→ EXERCISE BRIEF: With images removed, transcribe each record exactly as it appears.

Collection entries
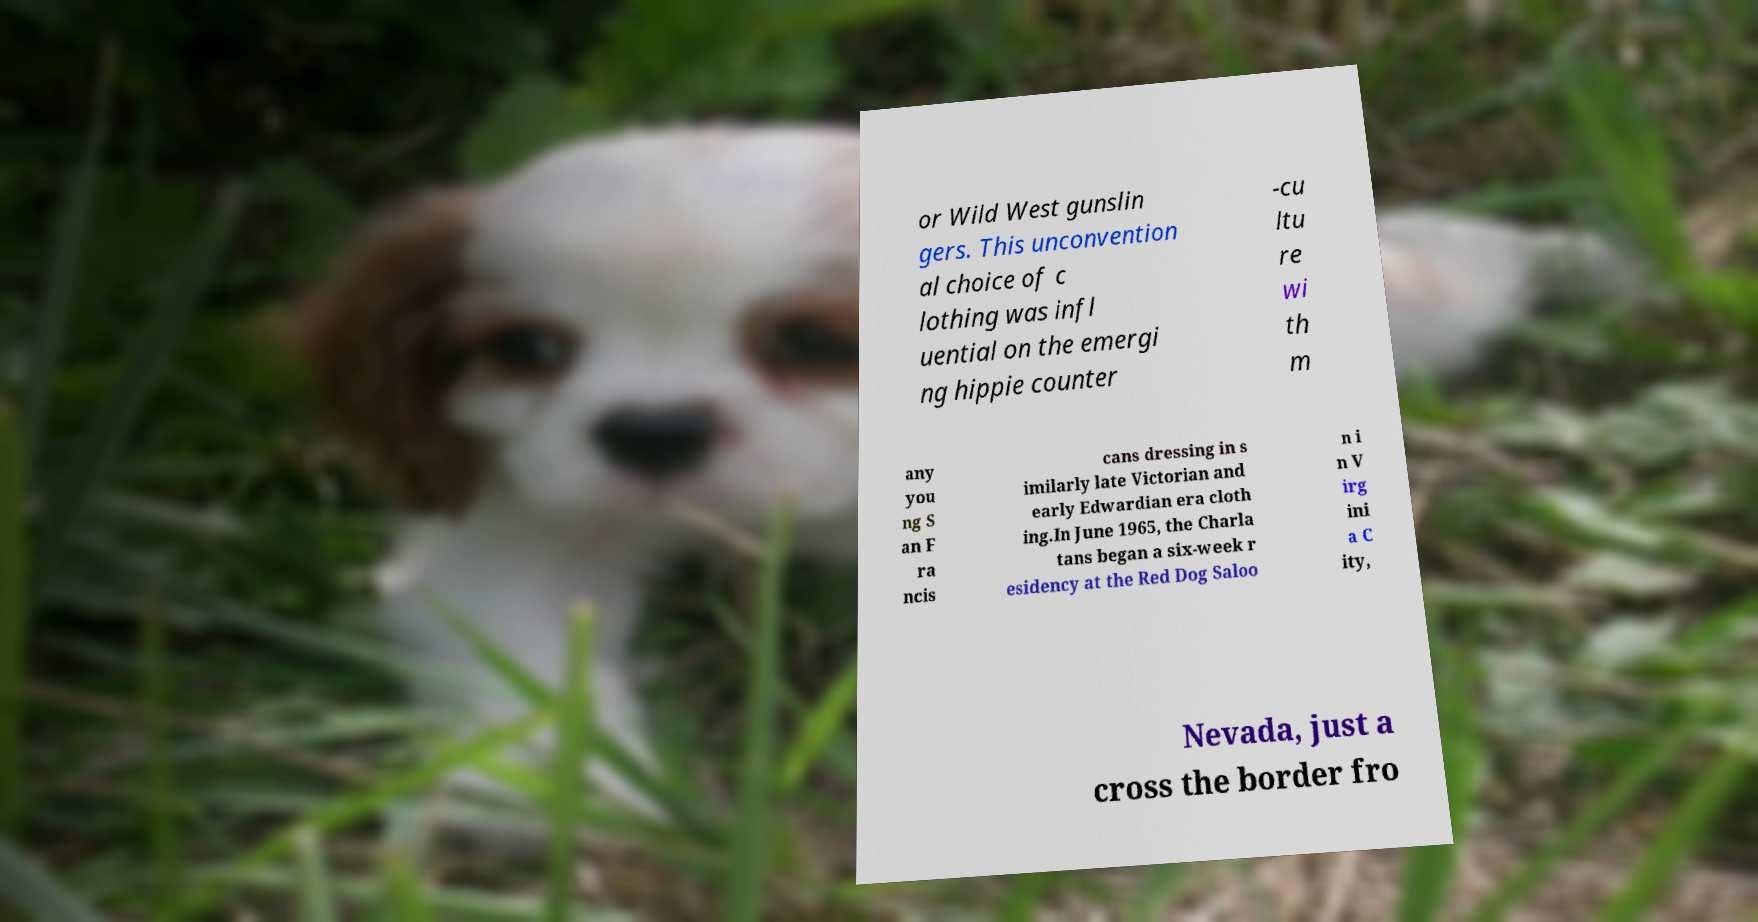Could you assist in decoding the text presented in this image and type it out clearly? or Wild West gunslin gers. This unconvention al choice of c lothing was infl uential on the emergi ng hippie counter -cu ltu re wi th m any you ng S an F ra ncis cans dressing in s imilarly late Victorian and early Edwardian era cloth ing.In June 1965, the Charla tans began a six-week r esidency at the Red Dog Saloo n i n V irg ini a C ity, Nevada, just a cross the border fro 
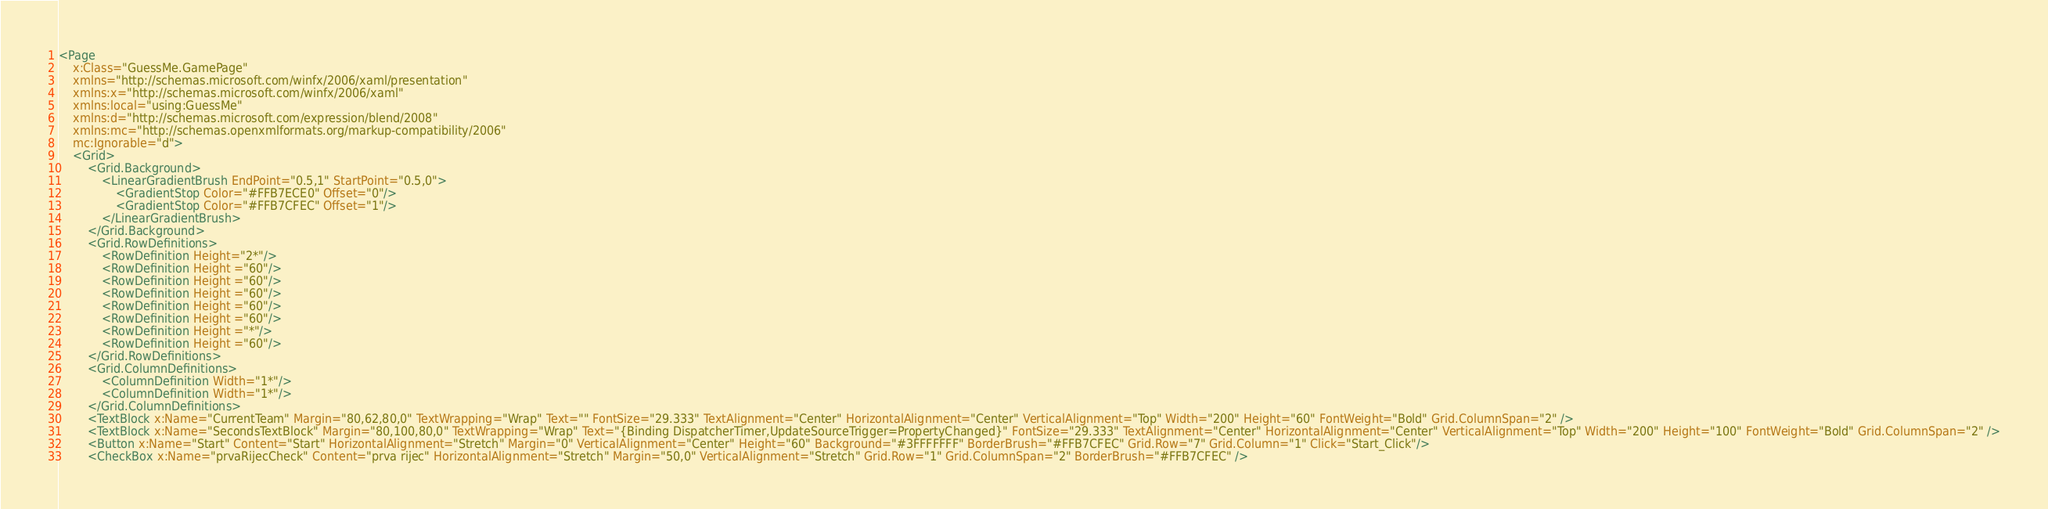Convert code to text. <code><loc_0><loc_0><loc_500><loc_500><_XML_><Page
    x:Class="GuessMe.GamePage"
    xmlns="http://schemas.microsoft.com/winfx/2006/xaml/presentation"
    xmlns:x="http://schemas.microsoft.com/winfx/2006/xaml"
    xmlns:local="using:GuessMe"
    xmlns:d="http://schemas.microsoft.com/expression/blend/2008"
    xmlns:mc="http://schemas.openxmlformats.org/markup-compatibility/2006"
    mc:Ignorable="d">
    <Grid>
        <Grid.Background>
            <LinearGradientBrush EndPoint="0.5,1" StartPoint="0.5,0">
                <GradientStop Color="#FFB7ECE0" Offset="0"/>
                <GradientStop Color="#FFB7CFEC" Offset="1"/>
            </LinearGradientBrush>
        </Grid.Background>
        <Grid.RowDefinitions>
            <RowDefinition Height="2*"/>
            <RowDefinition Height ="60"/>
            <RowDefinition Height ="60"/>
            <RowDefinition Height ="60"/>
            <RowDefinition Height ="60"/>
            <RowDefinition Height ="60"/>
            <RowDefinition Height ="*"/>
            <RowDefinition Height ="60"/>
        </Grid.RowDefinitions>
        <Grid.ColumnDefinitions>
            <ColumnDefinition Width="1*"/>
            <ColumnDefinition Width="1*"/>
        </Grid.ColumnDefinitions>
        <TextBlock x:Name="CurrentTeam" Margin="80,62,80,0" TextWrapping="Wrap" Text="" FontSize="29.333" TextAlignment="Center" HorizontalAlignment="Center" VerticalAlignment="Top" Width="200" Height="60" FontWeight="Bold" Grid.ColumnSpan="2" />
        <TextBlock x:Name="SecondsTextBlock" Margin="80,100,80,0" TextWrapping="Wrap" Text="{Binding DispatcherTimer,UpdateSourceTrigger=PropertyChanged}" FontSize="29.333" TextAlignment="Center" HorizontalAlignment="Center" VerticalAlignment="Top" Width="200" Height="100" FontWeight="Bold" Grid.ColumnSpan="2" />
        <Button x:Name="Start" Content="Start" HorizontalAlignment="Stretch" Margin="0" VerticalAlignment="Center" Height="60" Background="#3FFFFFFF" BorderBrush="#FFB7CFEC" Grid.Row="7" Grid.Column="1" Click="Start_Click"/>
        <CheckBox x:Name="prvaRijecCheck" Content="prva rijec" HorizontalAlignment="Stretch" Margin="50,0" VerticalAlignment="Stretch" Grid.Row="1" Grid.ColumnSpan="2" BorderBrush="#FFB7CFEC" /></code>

→ SOLUTION TO THE PROBLEM:
Could you assist in decoding the text presented in this image and type it out clearly? or Wild West gunslin gers. This unconvention al choice of c lothing was infl uential on the emergi ng hippie counter -cu ltu re wi th m any you ng S an F ra ncis cans dressing in s imilarly late Victorian and early Edwardian era cloth ing.In June 1965, the Charla tans began a six-week r esidency at the Red Dog Saloo n i n V irg ini a C ity, Nevada, just a cross the border fro 
Convert code to text. <code><loc_0><loc_0><loc_500><loc_500><_XML_><Page
    x:Class="GuessMe.GamePage"
    xmlns="http://schemas.microsoft.com/winfx/2006/xaml/presentation"
    xmlns:x="http://schemas.microsoft.com/winfx/2006/xaml"
    xmlns:local="using:GuessMe"
    xmlns:d="http://schemas.microsoft.com/expression/blend/2008"
    xmlns:mc="http://schemas.openxmlformats.org/markup-compatibility/2006"
    mc:Ignorable="d">
    <Grid>
        <Grid.Background>
            <LinearGradientBrush EndPoint="0.5,1" StartPoint="0.5,0">
                <GradientStop Color="#FFB7ECE0" Offset="0"/>
                <GradientStop Color="#FFB7CFEC" Offset="1"/>
            </LinearGradientBrush>
        </Grid.Background>
        <Grid.RowDefinitions>
            <RowDefinition Height="2*"/>
            <RowDefinition Height ="60"/>
            <RowDefinition Height ="60"/>
            <RowDefinition Height ="60"/>
            <RowDefinition Height ="60"/>
            <RowDefinition Height ="60"/>
            <RowDefinition Height ="*"/>
            <RowDefinition Height ="60"/>
        </Grid.RowDefinitions>
        <Grid.ColumnDefinitions>
            <ColumnDefinition Width="1*"/>
            <ColumnDefinition Width="1*"/>
        </Grid.ColumnDefinitions>
        <TextBlock x:Name="CurrentTeam" Margin="80,62,80,0" TextWrapping="Wrap" Text="" FontSize="29.333" TextAlignment="Center" HorizontalAlignment="Center" VerticalAlignment="Top" Width="200" Height="60" FontWeight="Bold" Grid.ColumnSpan="2" />
        <TextBlock x:Name="SecondsTextBlock" Margin="80,100,80,0" TextWrapping="Wrap" Text="{Binding DispatcherTimer,UpdateSourceTrigger=PropertyChanged}" FontSize="29.333" TextAlignment="Center" HorizontalAlignment="Center" VerticalAlignment="Top" Width="200" Height="100" FontWeight="Bold" Grid.ColumnSpan="2" />
        <Button x:Name="Start" Content="Start" HorizontalAlignment="Stretch" Margin="0" VerticalAlignment="Center" Height="60" Background="#3FFFFFFF" BorderBrush="#FFB7CFEC" Grid.Row="7" Grid.Column="1" Click="Start_Click"/>
        <CheckBox x:Name="prvaRijecCheck" Content="prva rijec" HorizontalAlignment="Stretch" Margin="50,0" VerticalAlignment="Stretch" Grid.Row="1" Grid.ColumnSpan="2" BorderBrush="#FFB7CFEC" /></code>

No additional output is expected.